▼

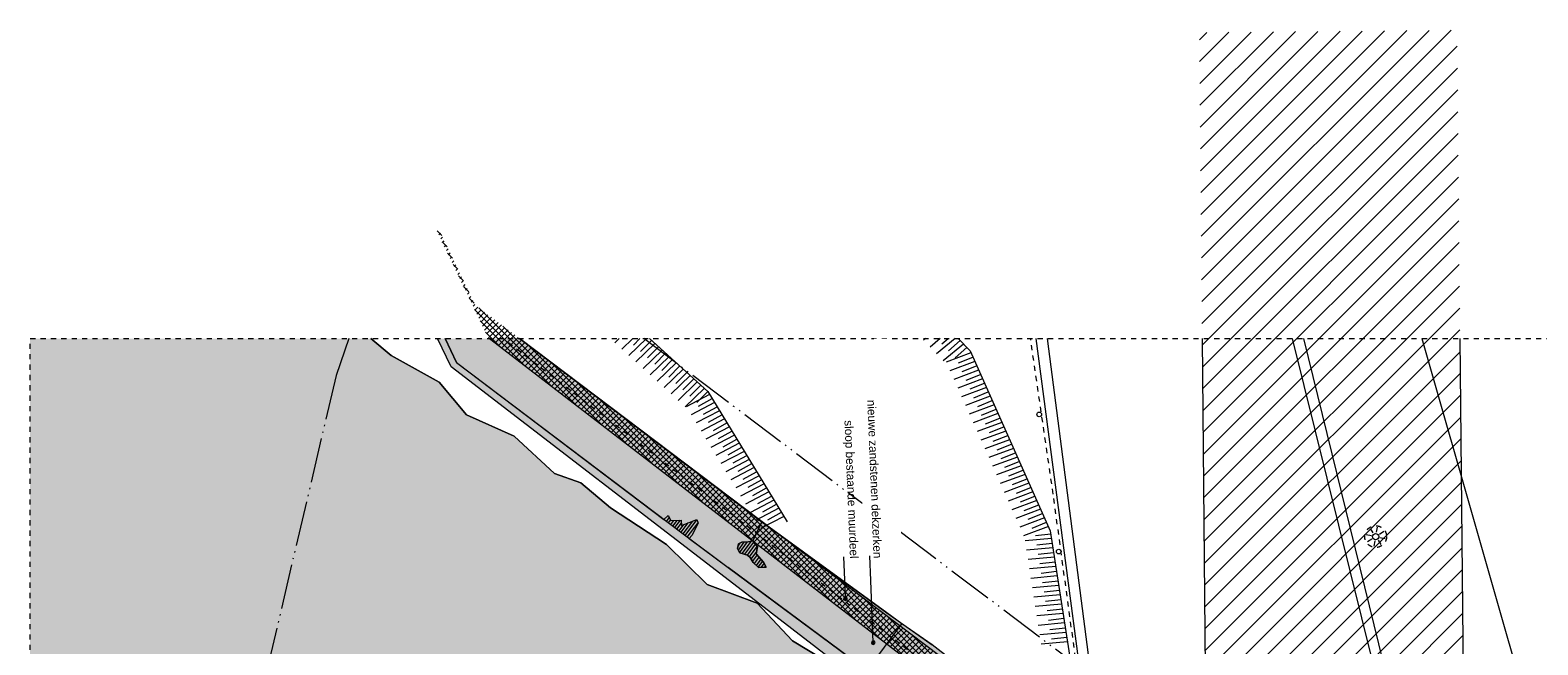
# Model space of a CAD drawing. Extents: x -251883 to 250656, y 0 to 909157.
# Tile 16 of 70: x -25200 to 3834, y 378102 to 389945. Entities that reach past the tile are written whole.
import ezdxf

# ---------------------------------------------------------------- set-up
doc = ezdxf.new("R2010")
doc.units = 0
doc.header["$MEASUREMENT"] = 0
doc.linetypes.add('DASHED', pattern=[200, 100, -100])
doc.linetypes.add('DIVIDE', pattern=[1250, 862.5, -112.5, 25, -112.5, 25, -112.5])
doc.layers.add('A-0019-AFDEKVLAK', color=1, linetype='Continuous')
doc.layers.add('A-0070-SYMBOOL', color=8, linetype='Continuous')

# ---------------------------------------------------------------- blocks, each defined once
blk = doc.blocks.new('M-MAATREGELEN_461')
at = {"linetype": 'Continuous', "lineweight": 5}
h = blk.add_hatch(dxfattribs=at)
h.set_pattern_fill('arcerin2', color=8, style=0, pattern_type=0)
h.set_pattern_definition([(45, (0, 0), (-212.13203, 212.13203), [])])
h.paths.add_polyline_path([(122254.4, -39786), (117288.6, -39831.9), (117415.2, -53531.1), (122381.3, -53522.1)], flags=0)
h = blk.add_hatch(dxfattribs=at)
h.set_pattern_fill('@AV103', color=213, style=0, pattern_type=0)
h.set_pattern_definition([(135, (0, 0), (-56.56854, -56.56854), []), (45, (0, 0), (-56.56854, 56.56854), [])])
h.paths.add_polyline_path([(115684.5, -54121.3), (115681.8, -53534.1), (115025.8, -53560.4), (115011, -53190.5), (114044.3, -53169.2), (103341.9, -45081.1), (102648.9, -43635.7), (102608.1, -43653.4), (103590.5, -45702.3), (114550.1, -54134.5)], flags=0)
for color, points in [(111, [(101336.3, -45727.6), (101730.2, -46054.5), (102651.5, -46567.9), (103177.2, -47197.3), (104094.6, -47610.8), (104874.1, -48330.1), (105381.7, -48509.9), (105951.3, -48987.4), (107030.6, -49694.7), (107812.1, -50464), (108777.3, -50825.5), (109456.9, -51548.8), (110072.5, -51924.4), (110526.1, -52006.3), (111099.8, -52583.7), (111513.5, -52917.4), (111867.2, -53003.3), (112128.4, -53276.6), (112546.2, -53352.1), (114296.9, -54893.5), (114321.2, -60536.8), (114322.9, -60639.5), (113765.8, -61166.4), (113507.3, -61403.6), (112327.9, -61731.8), (111509.9, -62545.3), (109641.5, -63120.7), (107876.4, -64772.9), (106677, -66372.6), (106430.3, -66727.6), (94775, -66727.6), (94775, -45727.6)]), (254, [(102764.2, -45727.6), (104196.8, -45727.6), (108864.5, -49257.5), (108689.8, -49625.7), (108590.1, -49647), (108480.1, -49653.2), (108414.6, -49684.6), (108399.3, -49772.8), (108438.1, -49855.1), (108590, -49899), (108642, -49946.9), (108696, -50044.9), (108799.9, -50140.8), (108948.9, -50134.8), (108895.8, -50036.8), (108758.7, -49872.6), (108783.8, -49741.1), (108689.8, -49625.7), (108864.5, -49257.5), (111273.4, -51012.6), (111559.9, -51226.6), (112144.4, -51629.1), (112948.3, -52254.7), (112969.3, -52272.3), (113041.3, -52332.3), (113050.2, -52555.4), (112954.3, -52659.4), (113063.9, -52904.4), (112970.4, -53059), (113029.3, -53095), (113073, -53121.6), (113170.2, -53051), (113250.5, -52919.4), (113264.1, -52897.1), (113311, -52820.2), (113366.3, -52787.9), (113496.3, -52712), (114044.3, -53169.2), (114564.3, -53208.5), (115011, -53190.5), (115032.2, -53719.8), (115061, -53735.3), (115074.3, -54884.4), (114296.9, -54893.5), (114296.4, -54790.7), (114433.5, -54601.6), (114473.4, -54349.8), (114619.2, -54243.8), (114711.1, -54040), (114651.1, -53792.2), (114747, -53688.2), (114595.2, -53644.3), (114445.3, -53650.3), (114191.5, -53560.4), (114047.6, -53716.3), (113691.9, -53580.5), (113546, -53686.4), (113198.2, -53650.9), (112998.1, -53750), (112546.2, -53352.1), (112298.5, -53168.3), (110892.9, -52125.8), (108213.5, -50138.4), (107467.3, -49579.2), (107514.9, -49519.5), (107640.1, -49287.9), (107612.6, -49215.4), (107316.9, -49327.3), (107312.9, -49227.4), (107113, -49235.4), (107059, -49137.5), (106976, -49211), (102986.7, -46191.7)])]:
    blk.add_hatch(color=color, dxfattribs=at).paths.add_polyline_path(points, flags=0)
at = {"color": 7, "linetype": 'DASHED', "lineweight": 0}
blk.add_lwpolyline([(94775, -66727.6), (94775, -45727.6), (145175, -45727.6), (145175, -66727.6)], close=True, dxfattribs=at)
at = {"color": 1, "linetype": 'DIVIDE', "lineweight": 18}
for points in [[(100912.1, -45727.6), (100666.1, -46439.6), (95911.1, -66727.6)], [(136283.1, -66727.6), (136016.1, -65395.3), (136688.1, -65207), (134123.3, -51385.7), (115209.6, -52233.2), (106591, -45727.6)]]:
    blk.add_lwpolyline(points, dxfattribs=at)
at = {"color": 111, "linetype": 'Continuous', "lineweight": 5}
blk.add_lwpolyline([(101336.3, -45727.6), (101730.2, -46054.5), (102651.5, -46567.9), (103177.2, -47197.3), (104094.6, -47610.8), (104874.1, -48330.1), (105381.7, -48509.9), (105951.3, -48987.4), (107030.6, -49694.7), (107812.1, -50464), (108777.3, -50825.5), (109456.9, -51548.8), (110072.5, -51924.4)], dxfattribs=at)
at = {"color": 8, "linetype": 'Continuous', "lineweight": 5}
for points in [[(112546.2, -53352.1), (112128.4, -53276.6), (111867.2, -53003.3), (111513.5, -52917.4), (111099.8, -52583.7), (110526.1, -52006.3), (110072.5, -51924.4), (109456.9, -51548.8), (108777.3, -50825.5), (107812.1, -50464), (107030.6, -49694.7), (105951.3, -48987.4), (105381.7, -48509.9), (104874.1, -48330.1), (104094.6, -47610.8), (103177.2, -47197.3), (102651.5, -46567.9), (101730.2, -46054.5), (101336.3, -45727.6)], [(102986.7, -46191.7), (102764.2, -45727.6)], [(103623.4, -45727.6), (114550.1, -54134.5)], [(104196.8, -45727.6), (108864.5, -49257.5), (111273.3, -51012.6)], [(114550.1, -54134.5), (115684.5, -54121.3), (115681.8, -53534.1), (115025.8, -53560.4), (115011, -53190.5), (114044.3, -53169.2), (104197.4, -45727.6)], [(115198.8, -53694.3), (114149.9, -45727.6)], [(115426.7, -53905.3), (114365.1, -45727.6)], [(121177.4, -61551.1), (121089.8, -53800.5), (119081.1, -45727.6)], [(121206.2, -66727.6), (121383.8, -63316.2), (121300.9, -61614.2), (121224.3, -53902.6), (121290.7, -53830.7), (119303.8, -45727.6)], [(121573.6, -45727.6), (123807.3, -53544.1), (122435.9, -53862.4), (122433.4, -53611.1), (121998.1, -53615.4), (122078.4, -61620.3), (122005.8, -61677.8), (122121.9, -66727.6)], [(102986.7, -46191.7), (107351.9, -49492.7)], [(106976, -49211), (107059, -49137.5), (107113, -49235.4), (107312.9, -49227.4), (107316.9, -49327.3), (107612.6, -49215.4), (107640.1, -49287.9), (107514.9, -49519.5), (107467.3, -49579.2)], [(107030.6, -49249.7), (107082.8, -49180.6)], [(107070.4, -49279.9), (107109.2, -49228.6)], [(107110.3, -49310), (107168.4, -49233.2)], [(107150.2, -49340.2), (107233.1, -49230.6)], [(107190.1, -49370.3), (107297.7, -49228)], [(107230, -49400.5), (107315.3, -49287.7)], [(107269.9, -49430.6), (107360.5, -49310.8)], [(107309.8, -49460.8), (107448.3, -49277.5)], [(107349.6, -49490.9), (107536.1, -49244.3)], [(107389.5, -49521.1), (107615.3, -49222.5)], [(107429.4, -49551.3), (107636.2, -49277.7)], [(107351.9, -49492.7), (108213.5, -50138.4)], [(108437.2, -49853.1), (108437.2, -49853.1), (108590.1, -49647), (108590.1, -49647)], [(108487.5, -49869.3), (108664.1, -49631.2), (108664.1, -49631.2)], [(120602.2, -49526.7), (120504.1, -49506.9)], [(120614.7, -49590.6), (120531.4, -49645.9)], [(120638.5, -49472.8), (120583.1, -49389.5)], [(120668.7, -49626.9), (120648.9, -49725)], [(120702.3, -49460.2), (120722.1, -49362.2)], [(120732.5, -49614.4), (120787.8, -49697.7)], [(120756.3, -49496.6), (120839.6, -49441.2)], [(120768.8, -49560.4), (120866.9, -49580.2)], [(108407.6, -49725.3), (108407.6, -49725.3), (108450.5, -49667.4), (108450.5, -49667.4)], [(108413, -49801.9), (108413, -49801.9), (108524.6, -49651.4), (108524.6, -49651.4)], [(108538.7, -49884.2), (108711.1, -49651.8), (108711.1, -49651.8)], [(108590, -49899), (108743.7, -49691.8), (108743.7, -49691.8)], [(108627, -49933.1), (108776.2, -49731.8), (108776.2, -49731.8)], [(108657.7, -49975.5), (108767.3, -49827.8), (108767.3, -49827.8)], [(108684.3, -50023.7), (108778.6, -49896.4), (108778.6, -49896.4)], [(108811.6, -49935.9), (108716.6, -50063.9)], [(112546.2, -53352.1), (108213.5, -50138.4)], [(108844.5, -49975.4), (108753.6, -50098.1)], [(108877.5, -50014.9), (108790.5, -50132.1)], [(108907.5, -50058.4), (108847.8, -50138.8)], [(108933.8, -50106.9), (108912, -50136.3)], [(111273.3, -51012.6), (112144.4, -51629.1)], [(110892.9, -52125.8), (111559.9, -51226.6)]]:
    blk.add_lwpolyline(points, dxfattribs=at)
at = {"color": 254, "linetype": 'Continuous', "lineweight": 5}
for points in [[(102764.2, -45727.6), (102986.7, -46191.7), (106976, -49211), (107059, -49137.5), (107113, -49235.4), (107312.9, -49227.4), (107316.9, -49327.3), (107612.6, -49215.4), (107640.1, -49287.9), (107514.9, -49519.5), (107467.3, -49579.2), (108213.5, -50138.4), (110892.9, -52125.8)], [(112948.3, -52254.7), (112144.4, -51629.1), (111559.9, -51226.6), (111273.4, -51012.6), (108864.5, -49257.5), (108689.8, -49625.7), (108783.8, -49741.1), (108758.7, -49872.6), (108895.8, -50036.8), (108948.9, -50134.8), (108799.9, -50140.8), (108696, -50044.9), (108642, -49946.9), (108590, -49899), (108438.1, -49855.1), (108399.3, -49772.8), (108414.6, -49684.6), (108480.1, -49653.2), (108590.1, -49647), (108689.8, -49625.7), (108864.5, -49257.5), (104196.8, -45727.6)]]:
    blk.add_lwpolyline(points, dxfattribs=at)
at = {"color": 8, "linetype": 'DASHED', "lineweight": 5}
blk.add_lwpolyline([(130866.5, -53489.4), (114963.5, -53542.2), (114049.2, -53552.9), (103878.4, -45727.6)], dxfattribs=at)
at = {"color": 9, "linetype": 'Continuous', "lineweight": 5}
for points in [[(106119.2, -45727.6), (106034.6, -45809.5)], [(106382.4, -45727.6), (106170.3, -45932.8)], [(106259.3, -45729.9), (106261.5, -45727.6)], [(106645.4, -45727.6), (106306, -46056)], [(106394.8, -45853.2), (106518.7, -45727.6)], [(106807.5, -45825.2), (106441.5, -46179.2)], [(106530.5, -45976.4), (106740.1, -45763.8)], [(106700.2, -45727.6), (107825.4, -46749.8), (109351.6, -49256.6)], [(112014.4, -45727.6), (111978.2, -45757.6)], [(112301.5, -45727.6), (112103.8, -45891)], [(112588.9, -45727.6), (112229.5, -46024.6)], [(112334.1, -45829.3), (112451.2, -45727.6)], [(112747.6, -45833.8), (112355.1, -46158)], [(112459.6, -45962.9), (112685.1, -45767.2)], [(112647.5, -45727.6), (112873.8, -45967.6), (114420.1, -49434.1), (114975.5, -53019.2)], [(106943.2, -45948.6), (106577.3, -46302.6)], [(106666.3, -46099.7), (106875.7, -45887.1)], [(107078.9, -46071.8), (106713, -46425.8)], [(106801.9, -46223), (107011.3, -46010.4)], [(106937.5, -46346.2), (107147, -46133.6)], [(112889.6, -46003), (112412.2, -46180)], [(112585.2, -46096.3), (112810.7, -45900.7)], [(112649.9, -46197.4), (112927.2, -46086.9)], [(107214.5, -46195.1), (106848.5, -46549.1)], [(107350.2, -46318.3), (106984.2, -46672.3)], [(107073.2, -46469.5), (107282.5, -46256.9)], [(107485.7, -46441.5), (107119.8, -46795.5)], [(107208.8, -46592.7), (107418.2, -46380.1)], [(112964.2, -46170.4), (112486.8, -46347.4)], [(113038.9, -46337.8), (112561.5, -46514.7)], [(112724.5, -46364.8), (113001.7, -46254.3)], [(112799.2, -46532.2), (113076.4, -46421.7)], [(107621.5, -46564.8), (107255.6, -46918.8)], [(107344.6, -46716), (107553.9, -46503.3)], [(107757.2, -46688), (107391.3, -47042)], [(107480.2, -46839.3), (107689.7, -46626.6)], [(113113.5, -46505.1), (112636.2, -46682.1)], [(113188.2, -46672.6), (112710.9, -46849.6)], [(112874, -46699.7), (113151.1, -46589.1)], [(107859.1, -46805.4), (107408.1, -47041.6)], [(107954.5, -46961.9), (107503.3, -47198.1)], [(107615.8, -46962.5), (107825.4, -46749.8)], [(107646, -47028.8), (107907.1, -46883.9)], [(113262.9, -46840), (112785.6, -47017)], [(113337.6, -47007.3), (112860.2, -47184.3)], [(112948.5, -46867.1), (113225.8, -46756.6)], [(113023.2, -47034.4), (113300.5, -46923.9)], [(108049.8, -47118.4), (107598.8, -47354.6)], [(108145.1, -47275.1), (107694, -47511.2)], [(107741.4, -47185.2), (108002.4, -47040.4)], [(107836.7, -47341.7), (108097.7, -47197.1)], [(113412.3, -47174.7), (112935, -47351.7)], [(113097.9, -47201.7), (113375.2, -47091.3)], [(113172.6, -47369), (113449.8, -47258.7)], [(108240.4, -47431.5), (107789.4, -47667.7)], [(108335.7, -47588.2), (107884.7, -47824.3)], [(107932, -47498.3), (108192.9, -47353.5)], [(108027.4, -47654.8), (108288.3, -47510.2)], [(113487, -47342.1), (113009.5, -47519.1)], [(113561.6, -47509.4), (113084.2, -47686.4)], [(113247.2, -47536.5), (113524.4, -47426)], [(113322, -47703.9), (113599.2, -47593.5)], [(108431, -47744.7), (107980, -47980.9)], [(108526.3, -47901.2), (108075.2, -48137.3)], [(108122.6, -47811.4), (108383.7, -47666.7)], [(108217.9, -47967.9), (108479, -47823.2)], [(113636.2, -47676.9), (113158.9, -47853.9)], [(113710.9, -47844.2), (113233.6, -48021.2)], [(113396.5, -47871.3), (113673.9, -47760.9)], [(108621.6, -48057.8), (108170.7, -48294)], [(108313.3, -48124.6), (108574.2, -47979.8)], [(108408.6, -48281.1), (108669.6, -48136.3)], [(113785.6, -48011.6), (113308.1, -48188.5)], [(113860.2, -48179.1), (113382.9, -48356.1)], [(113471.2, -48038.6), (113748.6, -47928.2)], [(113545.9, -48206.1), (113823.1, -48095.7)], [(108717, -48214.3), (108266, -48450.5)], [(108812.3, -48370.9), (108361.2, -48607.1)], [(108503.9, -48437.6), (108764.9, -48292.8)], [(108599.2, -48594.2), (108860.1, -48449.4)], [(113934.9, -48346.4), (113457.6, -48523.4)], [(113620.6, -48373.5), (113897.8, -48263)], [(113695.2, -48540.8), (113972.5, -48430.4)], [(108907.6, -48527.5), (108456.5, -48763.6)], [(109002.8, -48683.9), (108551.8, -48920.1)], [(108694.5, -48750.7), (108955.4, -48605.9)], [(108790, -48907.4), (109050.8, -48762.4)], [(114009.6, -48513.9), (113532.1, -48690.8)], [(114084.2, -48681.2), (113606.8, -48858.2)], [(113769.8, -48708.3), (114047, -48597.8)], [(113844.5, -48875.6), (114121.7, -48765.1)], [(109098.3, -48840.6), (108647.3, -49076.8)], [(109193.6, -48997.1), (108742.6, -49233.3)], [(108885.2, -49063.9), (109146.2, -48919.1)], [(114158.8, -48848.5), (113681.5, -49025.5)], [(114233.6, -49016), (113756.2, -49193.1)], [(113919.3, -49043.1), (114196.4, -48932.5)], [(109289, -49153.6), (108837.8, -49389.8)], [(108980.5, -49220.5), (109241.5, -49075.6)], [(114308.3, -49183.4), (113830.9, -49360.4)], [(114383, -49350.7), (113905.5, -49527.7)], [(113993.8, -49210.5), (114271.2, -49100)], [(114068.5, -49377.9), (114345.8, -49267.3)], [(114442.2, -49577.9), (113935.1, -49623.1)], [(114131.8, -49521.2), (114428.4, -49487.6)], [(114470.3, -49759), (113963.2, -49804.2)], [(114159.9, -49702.4), (114456.3, -49668.7)], [(114188, -49883.5), (114484.4, -49849.8)], [(114498.3, -49940), (113991.2, -49985.3)], [(114526.4, -50121.3), (114019.4, -50166.6)], [(114216.1, -50064.8), (114512.5, -50030.9)], [(114244, -50245.9), (114540.6, -50212.1)], [(114554.5, -50302.3), (114047.5, -50347.7)], [(114582.6, -50483.4), (114075.5, -50528.7)], [(114272.1, -50427), (114568.7, -50393.2)], [(114610.7, -50664.5), (114103.7, -50709.9)], [(114300.2, -50608), (114596.8, -50574.3)], [(114328.4, -50789.1), (114624.8, -50755.5)], [(114638.7, -50845.7), (114131.6, -50891)], [(114666.8, -51026.7), (114159.7, -51072.1)], [(114356.4, -50970.3), (114652.8, -50936.5)], [(114694.8, -51207.9), (114187.7, -51253.3)], [(114722.8, -51389), (114215.8, -51434.4)], [(114384.5, -51151.4), (114681, -51117.8)], [(114412.4, -51332.5), (114709, -51298.9)], [(114751, -51570.1), (114243.8, -51615.4)], [(114440.5, -51513.6), (114737.1, -51480)]]:
    blk.add_lwpolyline(points, dxfattribs=at)
at = {"color": 251, "linetype": 'DASHED', "lineweight": 5}
blk.add_lwpolyline([(115139.5, -54024.1), (115115.4, -53423.2), (114932.6, -52079.5), (114476.4, -48724.5), (114039, -45727.6)], dxfattribs=at)
at = {"color": 251, "linetype": 'Continuous', "lineweight": 5}
for points in [[(117343, -45727.6), (117415.2, -53531.1)], [(122309.3, -45727.6), (122381.3, -53522.1)]]:
    blk.add_lwpolyline(points, dxfattribs=at)
at = {"color": 8, "linetype": 'Continuous', "lineweight": 5}
blk.add_lwpolyline([(108895.8, -50036.8), (108758.7, -49872.6), (108783.8, -49741.1), (108689.8, -49625.7), (108580, -49649.2), (108480.1, -49653.2), (108414.6, -49684.6), (108399.3, -49772.8), (108438.1, -49855.1), (108590, -49899), (108642, -49946.9), (108696, -50044.9), (108799.9, -50140.8), (108948.9, -50134.8)], close=True, dxfattribs=at)
for centre, radius in [((114206.8, -47188.7), 45), ((120685.5, -49543.6), 60), ((114581.5, -49831.6), 45)]:
    blk.add_circle(centre, radius, dxfattribs=at)
at = {"color": 8, "linetype": 'DASHED', "lineweight": 5}
blk.add_circle((120685.5, -49543.6), 210, dxfattribs=at)
at = {"layer": 'A-0070-SYMBOOL', "color": 8, "linetype": 'Continuous', "lineweight": 5}
blk.add_lwpolyline([(110475.2, -50737.5), (110466.6, -50522.7), (110442.9, -49933.2)], dxfattribs=at)
for points in [[(110473.8, -50702.6), (110449.5, -50713.8), (110440.2, -50738.9), (110451.5, -50763.2), (110476.6, -50772.5), (110500.9, -50761.3), (110510.1, -50736.1), (110498.9, -50711.8)], [(110474.2, -50712.5), (110456.8, -50720.6), (110450.2, -50738.5), (110458.2, -50755.9), (110476.2, -50762.5), (110493.6, -50754.5), (110500.2, -50736.5), (110492.1, -50719.2)], [(110474.6, -50722.5), (110464.2, -50727.3), (110460.2, -50738.1), (110465, -50748.6), (110475.8, -50752.5), (110486.2, -50747.7), (110490.2, -50736.9), (110485.4, -50726.5)], [(110475, -50732.5), (110471.5, -50734.1), (110470.2, -50737.7), (110471.8, -50741.2), (110475.4, -50742.5), (110478.9, -50740.9), (110480.2, -50737.3), (110478.6, -50733.9)], [(111008.3, -51551.6), (110984, -51562.8), (110974.7, -51587.9), (110986, -51612.2), (111011.1, -51621.5), (111035.4, -51610.3), (111044.7, -51585.1), (111033.4, -51560.8)], [(111008.7, -51561.6), (110991.3, -51569.6), (110984.7, -51587.5), (110992.7, -51604.9), (111010.7, -51611.5), (111028.1, -51603.5), (111034.7, -51585.5), (111026.6, -51568.2)], [(111009.1, -51571.5), (110998.7, -51576.4), (110994.7, -51587.1), (110999.5, -51597.6), (111010.3, -51601.5), (111020.7, -51596.7), (111024.7, -51585.9), (111019.9, -51575.5)], [(111009.5, -51581.5), (111006, -51583.1), (111004.7, -51586.7), (111006.3, -51590.2), (111009.9, -51591.5), (111013.4, -51589.9), (111014.7, -51586.3), (111013.1, -51582.9)]]:
    blk.add_lwpolyline(points, close=True, dxfattribs=at)
at = {"linetype": 'Continuous'}
blk.add_wipeout([(111358.1, -45727.6), (111574.1, -50011.8), (110847.8, -50048.4), (110721.2, -46894.3), (111070.9, -46880.3), (111024.6, -45727.6)], dxfattribs=at).dxf.layer = 'A-0019-AFDEKVLAK'
at = {"linetype": 'Continuous', "lineweight": 5}
blk.add_hatch(color=254, dxfattribs=at).paths.add_polyline_path([(102620.1, -45727.6), (103623.4, -45727.6), (114550.1, -54134.5), (115684.5, -54121.3), (115686.3, -55066), (114800.4, -55067.6), (114798.4, -55017.6), (114253.3, -55024), (108573.8, -50654.3), (102882.9, -46275.8)], flags=0)
at = {"color": 8, "linetype": 'Continuous', "lineweight": 5}
for points in [[(114550.1, -54134.5), (115684.5, -54121.3), (115686.3, -55066), (114800.4, -55067.6), (114798.4, -55017.6), (114253.3, -55024), (108573.8, -50654.3), (102882.9, -46275.8), (102620.1, -45727.6)], [(103623.4, -45727.6), (114550.1, -54134.5)]]:
    blk.add_lwpolyline(points, dxfattribs=at)
at = {"layer": 'A-0070-SYMBOOL', "color": 8, "linetype": 'Continuous', "lineweight": 5}
blk.add_lwpolyline([(111009.7, -51586.5), (110961.5, -50387.5), (110942.5, -49913.1)], dxfattribs=at)
at = {"layer": 'A-0070-SYMBOOL', "color": 7, "linetype": 'Continuous', "char_height": 162, "attachment_point": 7, "rotation": 272.3, "line_spacing_factor": 0.933333}
for s, insert in [('{\\fArial|b0|i0|c12|p0;nieuwe zandstenen dekzerken}', (110891.9, -46910.6)), ('{\\fArial|b0|i0|c12|p0;sloop bestaande muurdeel}', (110407.4, -47306.5))]:
    blk.add_mtext(s, dxfattribs=dict(at, insert=insert))

msp = doc.modelspace()

# ---------------------------------------------------------------- block references
msp.add_blockref('M-MAATREGELEN_461', (-119975, 429731))

doc.saveas('drawing.dxf')

▲

* _REQUIREMENT_: From the entries above, return exactly the line containing "blk = doc.blocks.new('M-MAATREGELEN_461')", the line containing "(-56.56854, 56.56854), [])])", and all lines between, and nothing else.

* _ANSWER TO THIS EXERCISE_:
blk = doc.blocks.new('M-MAATREGELEN_461')
at = {"linetype": 'Continuous', "lineweight": 5}
h = blk.add_hatch(dxfattribs=at)
h.set_pattern_fill('arcerin2', color=8, style=0, pattern_type=0)
h.set_pattern_definition([(45, (0, 0), (-212.13203, 212.13203), [])])
h.paths.add_polyline_path([(122254.4, -39786), (117288.6, -39831.9), (117415.2, -53531.1), (122381.3, -53522.1)], flags=0)
h = blk.add_hatch(dxfattribs=at)
h.set_pattern_fill('@AV103', color=213, style=0, pattern_type=0)
h.set_pattern_definition([(135, (0, 0), (-56.56854, -56.56854), []), (45, (0, 0), (-56.56854, 56.56854), [])])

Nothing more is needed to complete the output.